Weekly/Monthly Total _______________________

Total Investments                   _____________________________________________________

    Total _______________________

Now that you know where you are with your expenses (hopefully you are making more than you are spending), we can move to step two.

Set your own financial goals

What do you like about your current financial status? What do you dislike about it?

Set your own personal goals about where you want to in the next couple months, in the next year, 5 years, and maybe even 20 years.

Do you want to retire? 

What are your priorities in life?

For example, you may have a goal to retire young, but you prioritize traveling as well. To many people, these two goals don’t seem compatible for the average person. In reality, once you identify your priorities and how you’re going to reach them, anything is achievable!

Identify what you want to do, and set forth to make it happen. Set short-term and long-term goals to keep yourself on track.

Setting a budget

This is the part that most people already know. If you ever took a high school finance class, you know what to do here. Luckily, we already did the first step! Using the data you already compiled from your expenses, create an outline identifying only your essential expenses. Figure out what you need to have at the bare minimum to live your preferred standard of living while keeping your goals in mind.

If your goal is to spend less money on clothes, then make sure your budget reflects that.

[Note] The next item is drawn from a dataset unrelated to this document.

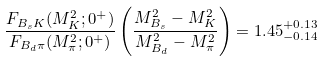<formula> <loc_0><loc_0><loc_500><loc_500>\frac { F _ { B _ { s } K } ( M _ { K } ^ { 2 } ; 0 ^ { + } ) } { F _ { B _ { d } \pi } ( M _ { \pi } ^ { 2 } ; 0 ^ { + } ) } \left ( \frac { M _ { B _ { s } } ^ { 2 } - M _ { K } ^ { 2 } } { M _ { B _ { d } } ^ { 2 } - M _ { \pi } ^ { 2 } } \right ) = 1 . 4 5 ^ { + 0 . 1 3 } _ { - 0 . 1 4 }</formula> 
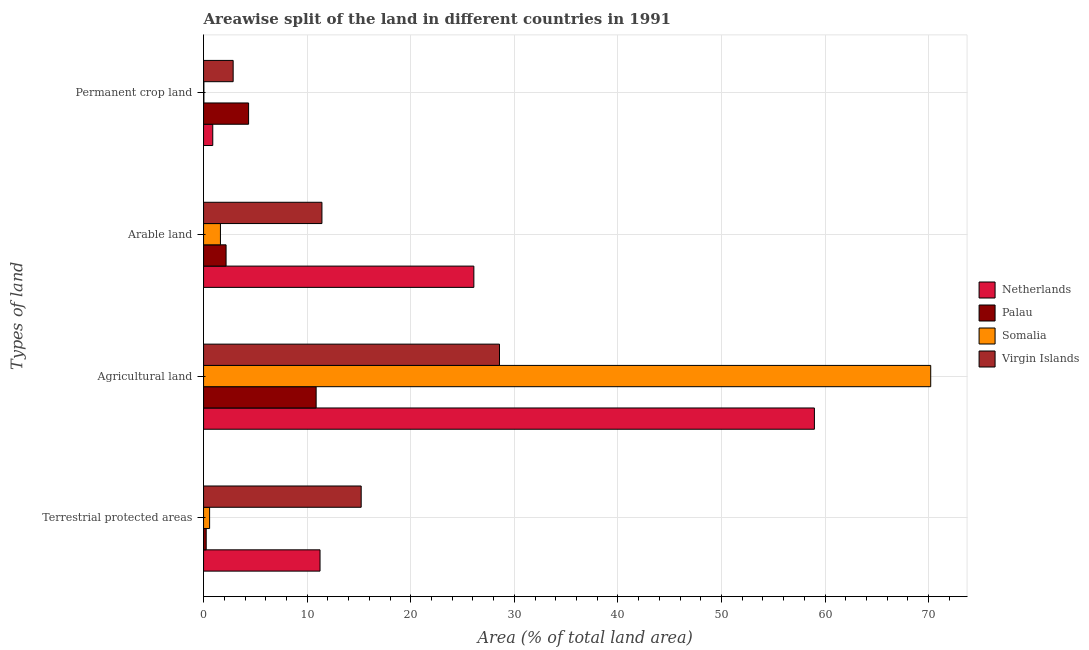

This part is very tuned to your personal spending habits. Make sure your budget is realistic and reachable. If your goal is to cut your overall spending in half, you may have to set short-term budgets first. A goal like that could be overwhelming and easily demotivate. Keep yourself on track by first reducing each spending category little by little every month until you hit your goal.

Invest in yourself

This is the only rule that does not need to be personalized by each individual. Investing in yourself is the only thing that every single person should do. Now when I say invest in yourself, I mean invest in your future.

If anywhere on your goal list you plan on retiring, making or saving money, or have long-term spending ambitions, investing in stocks is crucial to make that happen.

To make it easy, just start by investing 10% of your weekly income. Start by setting up recurring investments into long-term holdings. Depending on your budget, you can change this amount as much as you want but 10% should be your standard minimum. 

Investing in long-term investments that incur dividend payout will create compound interest which leads to exponential growth. If you are new to investing, start by finding a topic or market that you are personally interested in like gaming, retail, or cryptocurrencies. For example if bitcoin is something you are interested in, start watching the market for when it is low and buy-in. A great tool for investing in bitcoin is using Fold. The Fold debit card gives you bitcoin with every purchase to easily start your portfolio!

Remove debt

Debt is far too common in our society today. It’s never been so easy to compile and just as easy to ignore as it doubles with interest. Just because it is so common does not mean you should participate. Even the smallest amount of debt can add stress to one’s financial freedom.

Take a deeper look at your debts. Are you still financing your car? Do you have credit card debt on multiple cards? If you can’t remove your debt today, make a plan to remove it by a certain date. 

Once you can remove debt from your life, the freedom may surprise you!

Accountability

Of course, none of this makes a difference if you only do it one time and never think of it again. Keep yourself accountable for each of your goals and remember your priorities. If you have big goals that may require dramatic changes, create a schedule to follow up consistently on your progress. This will help you to visualize your progress to keep you on the right path!

The outcome

After each of these steps, you should feel a lot more comfortable with where you are with your finances. Each step brings a new perspective to how you spend and save your money. Before you know it, you’ll have reached your goals and made a lifestyle out of the process! The next step? Start over the process and create your next goals to go along with your new, financially free life!